Explicit isomorphism of $\mathbb G_m/\{\pm 1 \}$ with $\mathbb G_m$ Let $G$ be a linear algebraic group over an algebraically closed field, and let $H$ be a closed subgroup.  Identify all groups with their closed points.  General theory guarantees the structure of a quasiprojective variety on the space of cosets $G/H$ in the quotient topology.  
This is done by constructing a rational representation $\pi: G \rightarrow \textrm{GL}(V)$, together with an element $0 \neq v \in V$, such that $H$ is the stabilizer in $G$ of the line $[v]$ through $v$, and $\mathfrak h$ is the stabilizer in $\mathfrak g$ the same line.  The representation induces an action of $G$ on $\mathbb{P}(V)$, and $G/H$ is given its variety structure via the resulting bijection with the orbit $G[v]$.  
Let $G = \mathbb{G}_m$, and let $H = \{ \pm 1 \}$.  The quotient $G/H$ is a one dimensional algebraic group consisting of semisimple elements, so it should be isomorphic to $\mathbb{G}_m$.  I'm wondering how one can construct an explicit isomorphism of $G/H$ with $\mathbb{G}_m$.

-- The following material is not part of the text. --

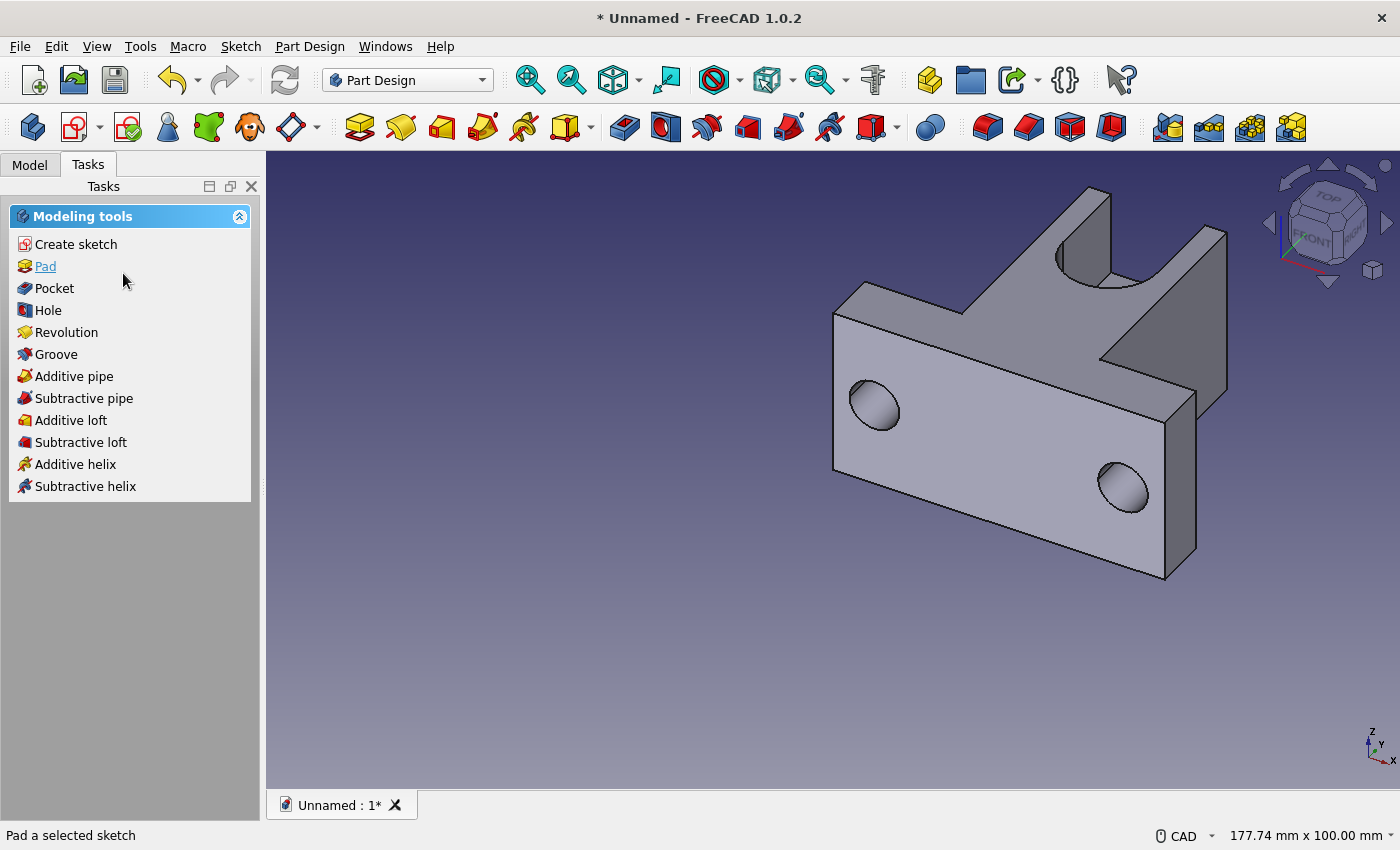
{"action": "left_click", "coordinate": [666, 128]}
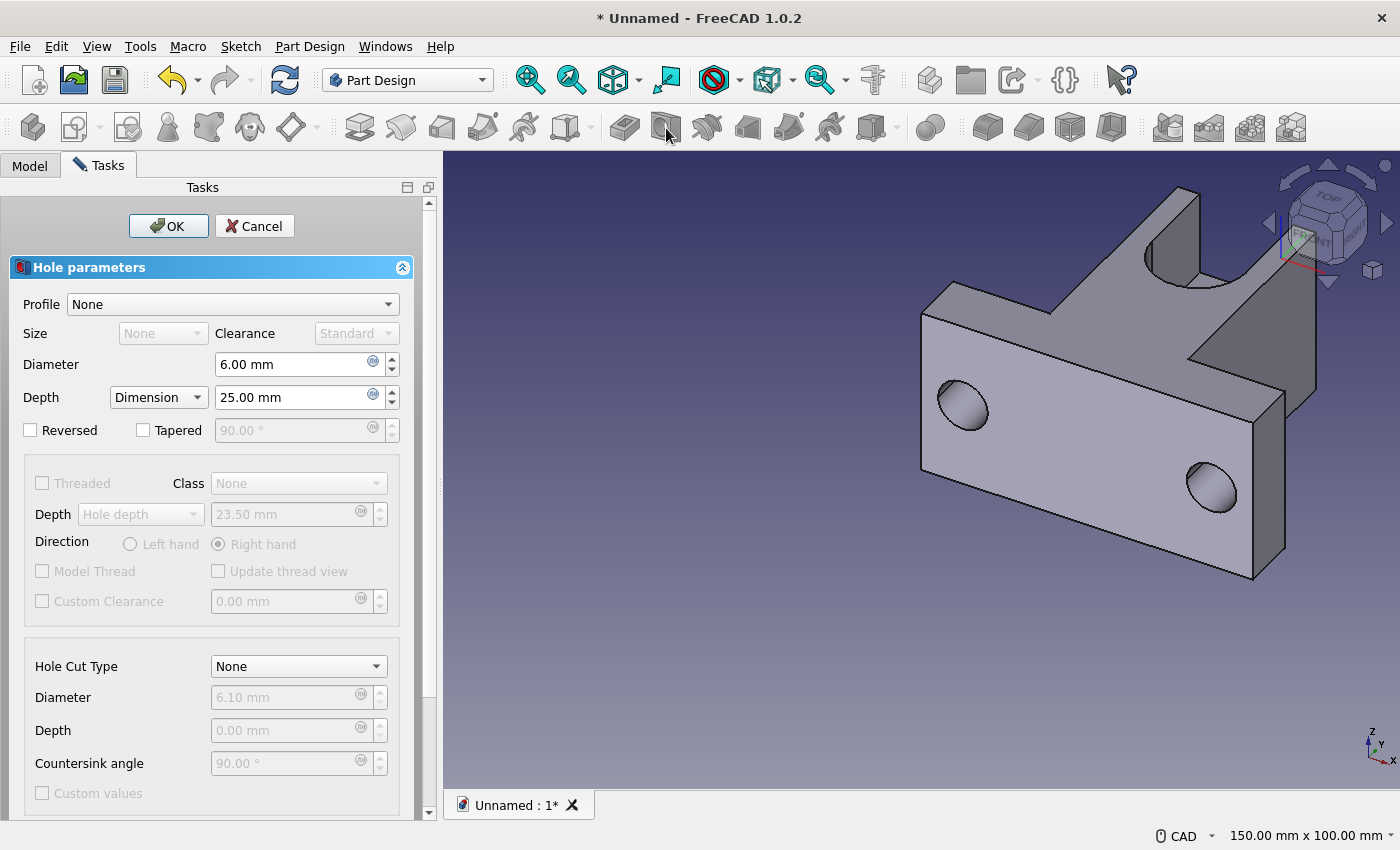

 A: Assume we aren't in characteristic two.  Let $\lambda$ be a generator of $X(G)$.  Then $2\lambda$  is a generator of $X(G/H)$.
Define an isomorphism of abelian groups $\phi:X(\mathbb{G}_m) \rightarrow X(G/H)$ by $\phi(\chi) = 2\lambda$, where $\chi$ is a generator of $X(\mathbb{G}_m)$.  The morphism of algebraic groups $G \rightarrow \mathbb{G}_m, x \mapsto x^2$ induces a morphism of algebraic groups $f: G/H \rightarrow \mathbb{G}_m$.
We have $\phi(2\lambda) \circ f(xH) =\chi \circ f(xH) =  x^2 = 2\lambda(xH)$.  This shows that $f$ is the morphism of tori corresponding to $\phi$.  Since $\phi$ is an isomorphism, the equivalence of categories between tori and free abelian groups tells us that $f$ is an isomorphism as well.
This is the weird thing: the inverse of $f$ does not look like a morphism of varieties.  At least to me, it does not appear to be continuous.  But it must be.  Explicitly, one chooses for each $x \in \mathbb{G}_m$ a square root $\sqrt{x}$, and defines $f^{-1}(x) = \sqrt{x}H$.